The one Western leader who knows both Yuri Andropov and Ronald Reagan - West German Chancellor Helmut Kohl - refuses to join his Western colleagues in worrying about the state of Soviet-American relations.
During a long interview in his office overlooking the Rhine, he explained why.
''For the Soviet Union,'' he said, ''the essential fact is that the Europeans are more united now than they have been in 20 years. . . . History is on our side. . . . I am, in fact, optimistic. The course of events does not favor the Soviet Union.''
Those are extraordinarily strong words, especially for a leader who faces:
1. Demonstrations in the next few weeks that will send hundreds of thousands of his countrymen marching past his office and TV cameras to the center of Bonn.
2. Probable deployment of more Soviet missiles in East Germany in response to the United States Pershing II missiles, whose installation in West Germany begins in December.
3. Possible stalemate of the Geneva arms talks.
But Dr. Kohl remains calm in the face of Germany's so-called ''hot autumn.'' And he counsels calm for other Western leaders.
In this view, barring an unexpected turn of events, the protest rallies will be massive but pass into history. The opposition Social Democrats will vote against the Pershing deployment. But Kohl's conservative coalition will win the parliamentary test vote.
Then, the chancellor argues, the men in the Kremlin will recognize the resolve and probable longevity in office of the Mitterrand-Thatcher-Kohl trio. And Moscow will therefore not halt the Geneva nuclear talks, nor next winter's conventional arms talks in Stockholm. And somewhere along the line he hopes for a Reagan-Andropov summit, despite today's bitter relations.
But he makes this optimistic scenario conditional on two points.
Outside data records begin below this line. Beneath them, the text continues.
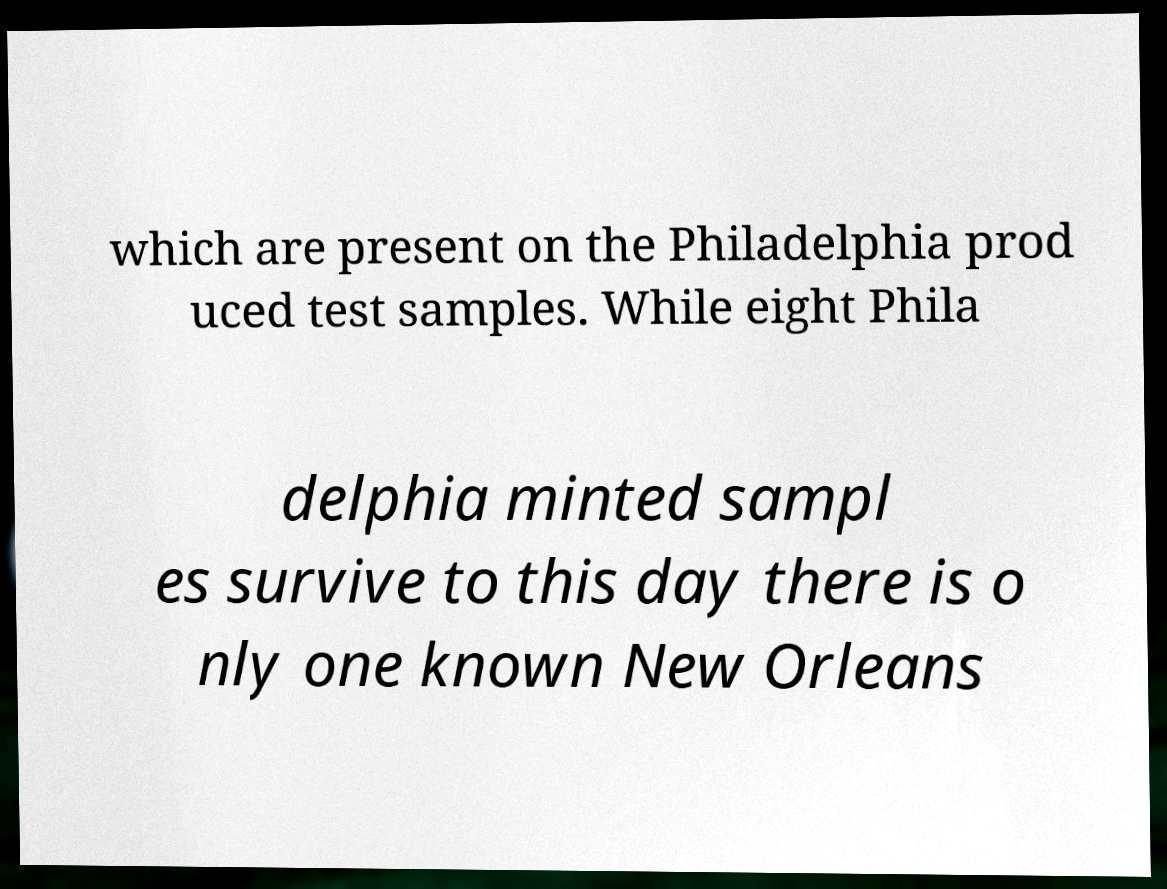Can you accurately transcribe the text from the provided image for me? which are present on the Philadelphia prod uced test samples. While eight Phila delphia minted sampl es survive to this day there is o nly one known New Orleans 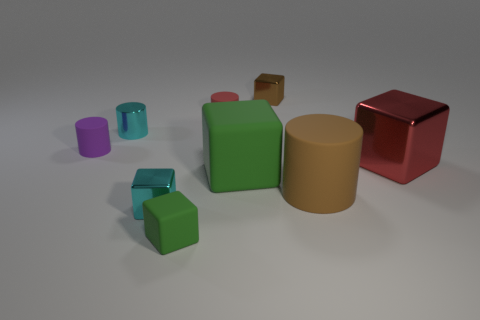What number of other objects are there of the same size as the brown cylinder?
Your response must be concise. 2. Is the large matte block the same color as the small rubber block?
Your response must be concise. Yes. There is a tiny metal object that is in front of the small rubber cylinder that is in front of the tiny matte cylinder behind the small purple thing; what is its color?
Provide a succinct answer. Cyan. There is a large cube that is left of the metal block behind the red metal object; what number of things are behind it?
Keep it short and to the point. 5. Is there anything else of the same color as the metallic cylinder?
Offer a terse response. Yes. Does the green matte object in front of the brown cylinder have the same size as the big red block?
Your answer should be very brief. No. There is a tiny rubber cylinder right of the purple object; how many tiny brown metal blocks are in front of it?
Your answer should be compact. 0. Is there a red object that is behind the tiny matte thing left of the green rubber object that is left of the small red cylinder?
Keep it short and to the point. Yes. There is a tiny purple thing that is the same shape as the red matte thing; what material is it?
Ensure brevity in your answer.  Rubber. Is the material of the big cylinder the same as the brown thing behind the purple rubber cylinder?
Offer a very short reply. No. 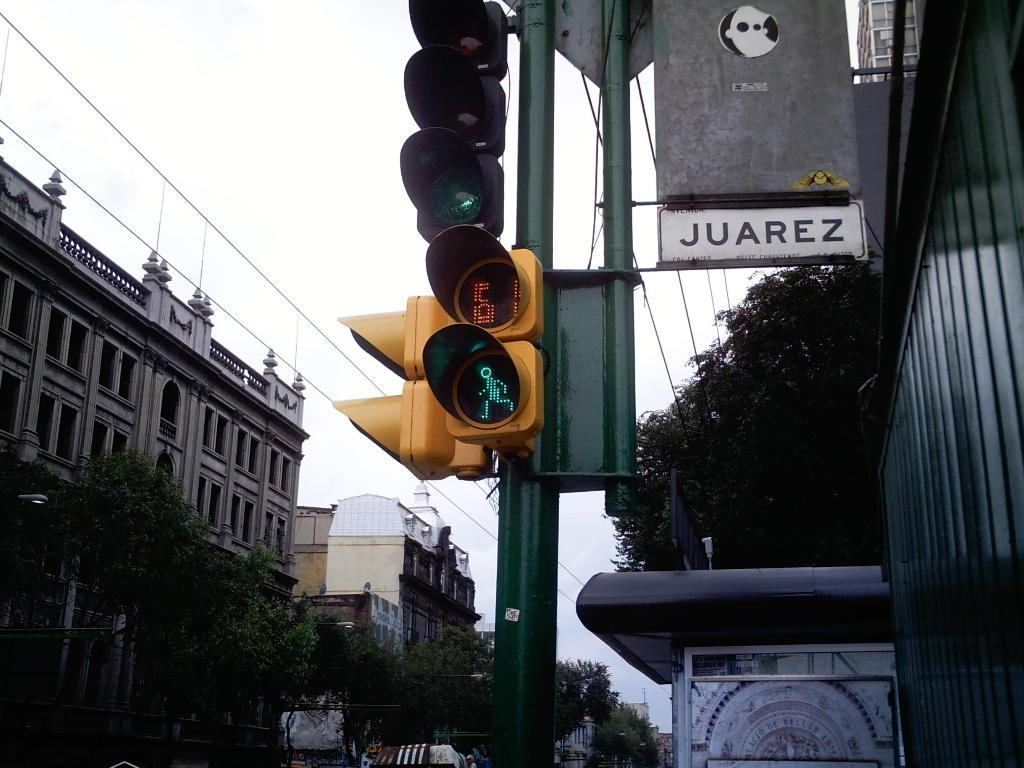<image>
Describe the image concisely. A traffic control light on a city street corner with other buildings and signs  lining the business fronts with on that says JUAREZ. 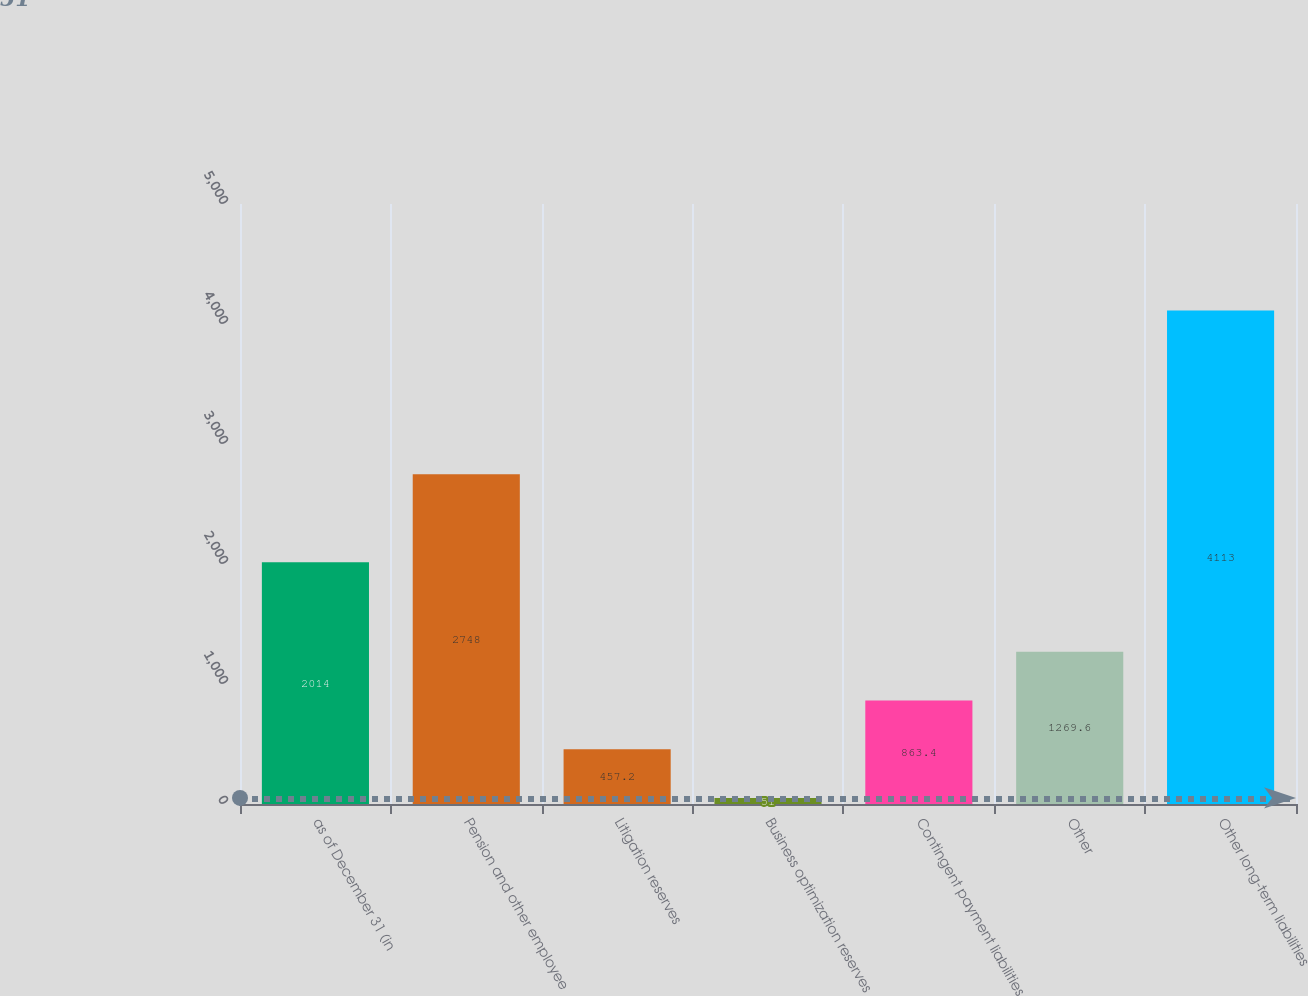Convert chart. <chart><loc_0><loc_0><loc_500><loc_500><bar_chart><fcel>as of December 31 (in<fcel>Pension and other employee<fcel>Litigation reserves<fcel>Business optimization reserves<fcel>Contingent payment liabilities<fcel>Other<fcel>Other long-term liabilities<nl><fcel>2014<fcel>2748<fcel>457.2<fcel>51<fcel>863.4<fcel>1269.6<fcel>4113<nl></chart> 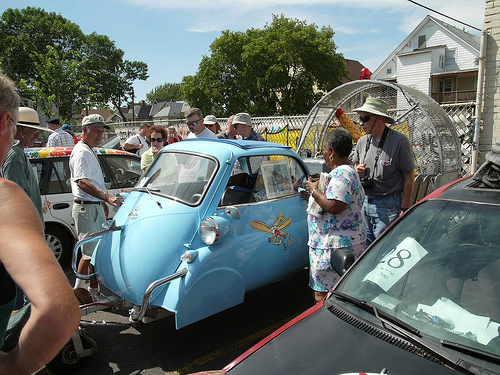<image>
Is the man to the left of the blue car? No. The man is not to the left of the blue car. From this viewpoint, they have a different horizontal relationship. 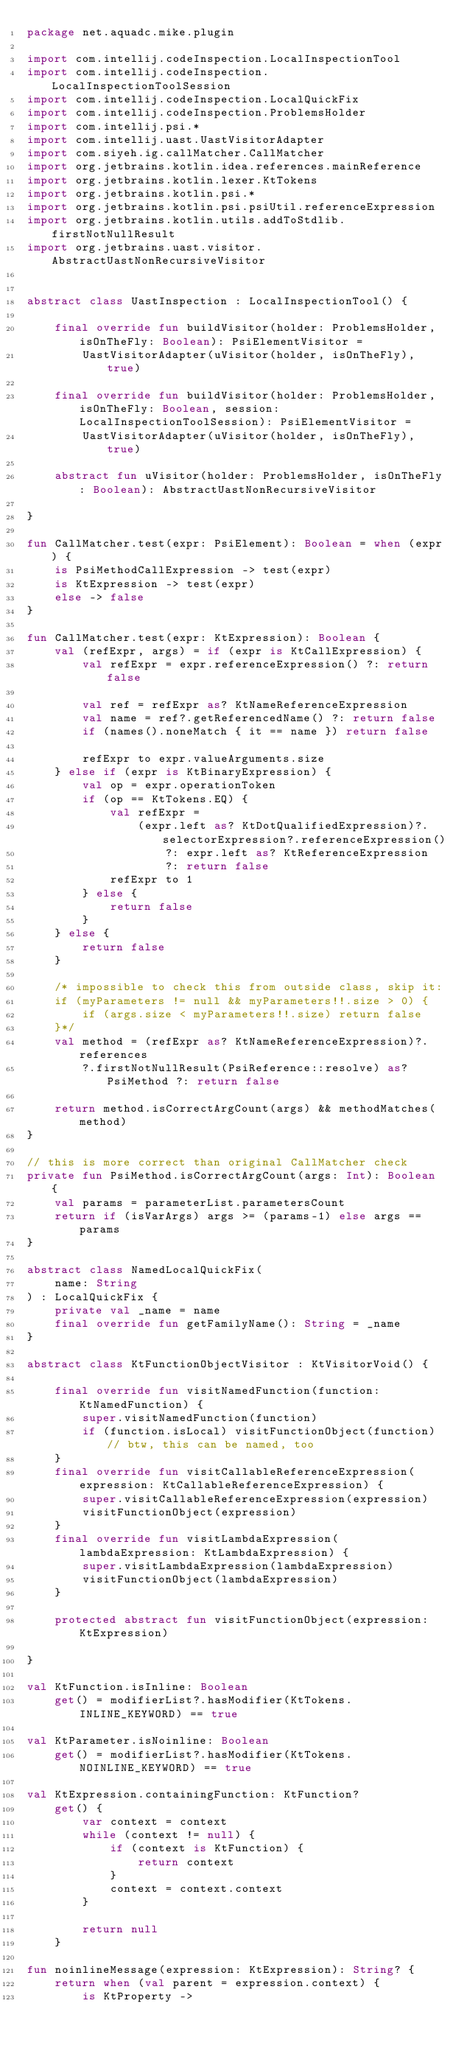<code> <loc_0><loc_0><loc_500><loc_500><_Kotlin_>package net.aquadc.mike.plugin

import com.intellij.codeInspection.LocalInspectionTool
import com.intellij.codeInspection.LocalInspectionToolSession
import com.intellij.codeInspection.LocalQuickFix
import com.intellij.codeInspection.ProblemsHolder
import com.intellij.psi.*
import com.intellij.uast.UastVisitorAdapter
import com.siyeh.ig.callMatcher.CallMatcher
import org.jetbrains.kotlin.idea.references.mainReference
import org.jetbrains.kotlin.lexer.KtTokens
import org.jetbrains.kotlin.psi.*
import org.jetbrains.kotlin.psi.psiUtil.referenceExpression
import org.jetbrains.kotlin.utils.addToStdlib.firstNotNullResult
import org.jetbrains.uast.visitor.AbstractUastNonRecursiveVisitor


abstract class UastInspection : LocalInspectionTool() {

    final override fun buildVisitor(holder: ProblemsHolder, isOnTheFly: Boolean): PsiElementVisitor =
        UastVisitorAdapter(uVisitor(holder, isOnTheFly), true)

    final override fun buildVisitor(holder: ProblemsHolder, isOnTheFly: Boolean, session: LocalInspectionToolSession): PsiElementVisitor =
        UastVisitorAdapter(uVisitor(holder, isOnTheFly), true)

    abstract fun uVisitor(holder: ProblemsHolder, isOnTheFly: Boolean): AbstractUastNonRecursiveVisitor

}

fun CallMatcher.test(expr: PsiElement): Boolean = when (expr) {
    is PsiMethodCallExpression -> test(expr)
    is KtExpression -> test(expr)
    else -> false
}

fun CallMatcher.test(expr: KtExpression): Boolean {
    val (refExpr, args) = if (expr is KtCallExpression) {
        val refExpr = expr.referenceExpression() ?: return false

        val ref = refExpr as? KtNameReferenceExpression
        val name = ref?.getReferencedName() ?: return false
        if (names().noneMatch { it == name }) return false

        refExpr to expr.valueArguments.size
    } else if (expr is KtBinaryExpression) {
        val op = expr.operationToken
        if (op == KtTokens.EQ) {
            val refExpr =
                (expr.left as? KtDotQualifiedExpression)?.selectorExpression?.referenceExpression()
                    ?: expr.left as? KtReferenceExpression
                    ?: return false
            refExpr to 1
        } else {
            return false
        }
    } else {
        return false
    }

    /* impossible to check this from outside class, skip it:
    if (myParameters != null && myParameters!!.size > 0) {
        if (args.size < myParameters!!.size) return false
    }*/
    val method = (refExpr as? KtNameReferenceExpression)?.references
        ?.firstNotNullResult(PsiReference::resolve) as? PsiMethod ?: return false

    return method.isCorrectArgCount(args) && methodMatches(method)
}

// this is more correct than original CallMatcher check
private fun PsiMethod.isCorrectArgCount(args: Int): Boolean {
    val params = parameterList.parametersCount
    return if (isVarArgs) args >= (params-1) else args == params
}

abstract class NamedLocalQuickFix(
    name: String
) : LocalQuickFix {
    private val _name = name
    final override fun getFamilyName(): String = _name
}

abstract class KtFunctionObjectVisitor : KtVisitorVoid() {

    final override fun visitNamedFunction(function: KtNamedFunction) {
        super.visitNamedFunction(function)
        if (function.isLocal) visitFunctionObject(function) // btw, this can be named, too
    }
    final override fun visitCallableReferenceExpression(expression: KtCallableReferenceExpression) {
        super.visitCallableReferenceExpression(expression)
        visitFunctionObject(expression)
    }
    final override fun visitLambdaExpression(lambdaExpression: KtLambdaExpression) {
        super.visitLambdaExpression(lambdaExpression)
        visitFunctionObject(lambdaExpression)
    }

    protected abstract fun visitFunctionObject(expression: KtExpression)

}

val KtFunction.isInline: Boolean
    get() = modifierList?.hasModifier(KtTokens.INLINE_KEYWORD) == true

val KtParameter.isNoinline: Boolean
    get() = modifierList?.hasModifier(KtTokens.NOINLINE_KEYWORD) == true

val KtExpression.containingFunction: KtFunction?
    get() {
        var context = context
        while (context != null) {
            if (context is KtFunction) {
                return context
            }
            context = context.context
        }

        return null
    }

fun noinlineMessage(expression: KtExpression): String? {
    return when (val parent = expression.context) {
        is KtProperty -></code> 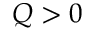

First, he urges unswerving determination to put the big stick - the missiles - in place, unless Moscow agrees to mutual reduction. ''We're going to see this through. In this country, decisions are not made in the street. . . . We're not going to shrink back when faced with force or violence. This is 1983, not 1932'' - a reference to Hitler.
Then he urges speaking softly even while the big stick is used for leverage to push future missile reductions. He repeated several times during the interview his view that Western leaders should remain calm - even friendly - toward the Soviet Union.
Those leaders, he said, must ''remain in the center . . . remain moderate . . . and not run about foaming at the mouth.'' It is important, he added, ''that we continue being friendly . . . and determined - and do not swing the missiles around.''
When Moscow sees that ''the West does not shrink back . . . I'm certain that there will be more negotiations,'' Kohl asserted. But it was apparent that he had more in mind than just the Geneva or Stockholm talks. He spent a major part of our discussion arguing the reasons for a Reagan-Andropov summit.
Where most Kremlinologists take the bitter personal nature of Andropov's recent reply to Reagan's UN-speech offer on missile bargaining as evidence of a period of icy impasse, Chancellor Kohl states confidently: ''One shouldn't overestimate that. How many things have been said about myself . . . .''
At this point he turned from the table around which we sat and pointed toward a painting of one of his Christian Democratic predecessors, Konrad Adenauer.
Kohl said that last year after he became chancellor, Soviet Deputy Prime Minister Leonid Kostandov had paid a visit. Kostandov asked how relations would go between Kohl and the Soviet leaders. Kohl replied that he would ''try to get along'' if each side respected the other's interests. He then pointed to the Adenauer portrait and remarked that Pravda had in the end written that Adenauer was ''a great statesman,'' ignoring all the less complimentary things previously said about him.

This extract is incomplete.